У меня совсем иное отношение к этому деятелю, хотя я с ним не был знаком, ни разу не разговаривал. Но время от времени, а при Сергее Сергеевиче Смирнове, сменившем Кочетова на посту главного редактора, очень часто, почти что изо дня в день в газете до нас доводились руководящие замечания и указания Поликарпова, вопиющие по своей литературной безграмотности. Все это обычно сопровождалось свистом кнута - единственного педагогического инструмента, которым он мастерски владел. А однажды - незадолго до Третьего съезда писателей - я слышал его пространное выступление в кабинете главного редактора у нас в газете. Оно произвело на меня самое гнетущее впечатление. О книгах, спектаклях, стихах с большим апломбом судил человек, ни бельмеса не смыслящий в литературе и искусстве, начисто лишенный нормального эстетического восприятия, «музыковед», у которого отсутствует слух и который не знает нот. Поликарпов не только рассматривал художественные произведения в свете основополагающих решений и постановлений - соответствуют или не соответствуют, он вообще подходил к ним как к резолюциям и инструкциям. Он считал, например, высказывания отрицательного героя точкой зрения автора, причем не приписывал их преднамеренно автору (таким сознательным подлогом занимались многие разбойные критики), а на самом деле так думал, был уверен, что подобным образом писатель протаскивает запретное. В стихах (не помню, на чьи стихи он обрушился) его гнев вызвали какие-то «формулировки» (так он сказал), он и стихи воспринимал как передовую или инструкцию.

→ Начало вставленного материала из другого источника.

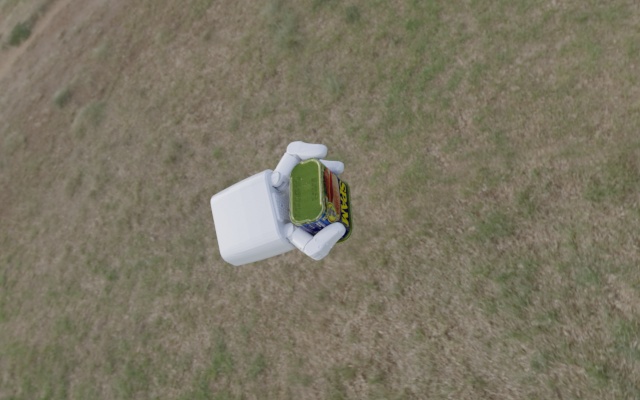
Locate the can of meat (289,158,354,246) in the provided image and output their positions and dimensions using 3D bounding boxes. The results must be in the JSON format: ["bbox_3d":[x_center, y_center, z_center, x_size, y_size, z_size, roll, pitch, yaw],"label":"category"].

Поликарпов был убежден, что если руководимый им отдел постарается, подналяжет, а главное, если указания этого отдела с готовностью и энтузиазмом будут выполняться писателями, страна будет завалена талантливыми духоподъемными книгами на нужные, животрепещущие темы. Он подстегивал нерадивых, грозил готовым оступиться, расправлялся с непокорными, он постоянно настаивал, поучал писателей, как строгий учитель нерадивых учеников.
То, что Поликарпов вещал у нас в редакции, настолько не лезло ни в какие ворота, что Алексей Сурков, человек вполне дисциплинированный, не выдержал. Он позволил себе не согласиться с Поликарповым, что-то оспорить из того, что тот вещал. Поликарпов стал с начальственной самоуверенностью, по-хамски, злобными и дурацкими репликами прерывать Суркова. Перепалка - да еще на публике, в присутствии «нижних чинов» - приобрела такой накаленный характер, что я подумал: плохи дела Суркова, не быть ему после Третьего съезда главой Союза писателей, Поликарпов этого не допустит. Так оно потом и случилось.
Короче говоря, Поликарпов был человеком, которого на пушечный выстрел нельзя было допускать к руководству литературой и искусством. Но именно поэтому он и был вознесен на свою высокую должность - требовались не компетентные, понимающие, а волевые, крутые руководители, которые не знают сомнений, прут напролом, рубят сплеча. Рассказывали, что как-то вскоре после войны Поликарпов стал жаловаться Сталину, что писатели ведут себя плохо, отбились от рук, пишут не то, что требуется, не слушаются его, их партийного наставника. Сталин раздраженно сказал ему: «Товарищ Поликарпов, других писателей у меня для вас нет. Придется работать с этими», - и снял Поликарпова, который был секретарем правления, осуществлявшим партийное руководство Союзом писателей. После смерти Сталина Поликарпов был снова призван княжить в литературе, поставлен на более высокий пост - руководителя отделом культуры ЦК.
Мне от Поликарпова несколько раз сильно доставалось, я был, видимо, занесен в какие-то его черные списки. Он меня в глаза не видел, но запомнил мою фамилию после одной моей статьи. Может быть, правда, к статье добавлялась еще поступавшая из редакции соответствующая информация его доверенных лиц. Как-то Косолапов сказал мне об одном члене редколлегии, с которым мне пришлось вести затяжные бои: «Чему вы удивляетесь? То, что у нас происходит, сразу же докладывается под соответствующим углом зрения Дяде Митяю. Если без четверти девять приехать на Старую площадь, то наверняка в приемной у него увидите своего хорошего знакомого. Ждет прихода хозяина, чтобы на кого-то накапать».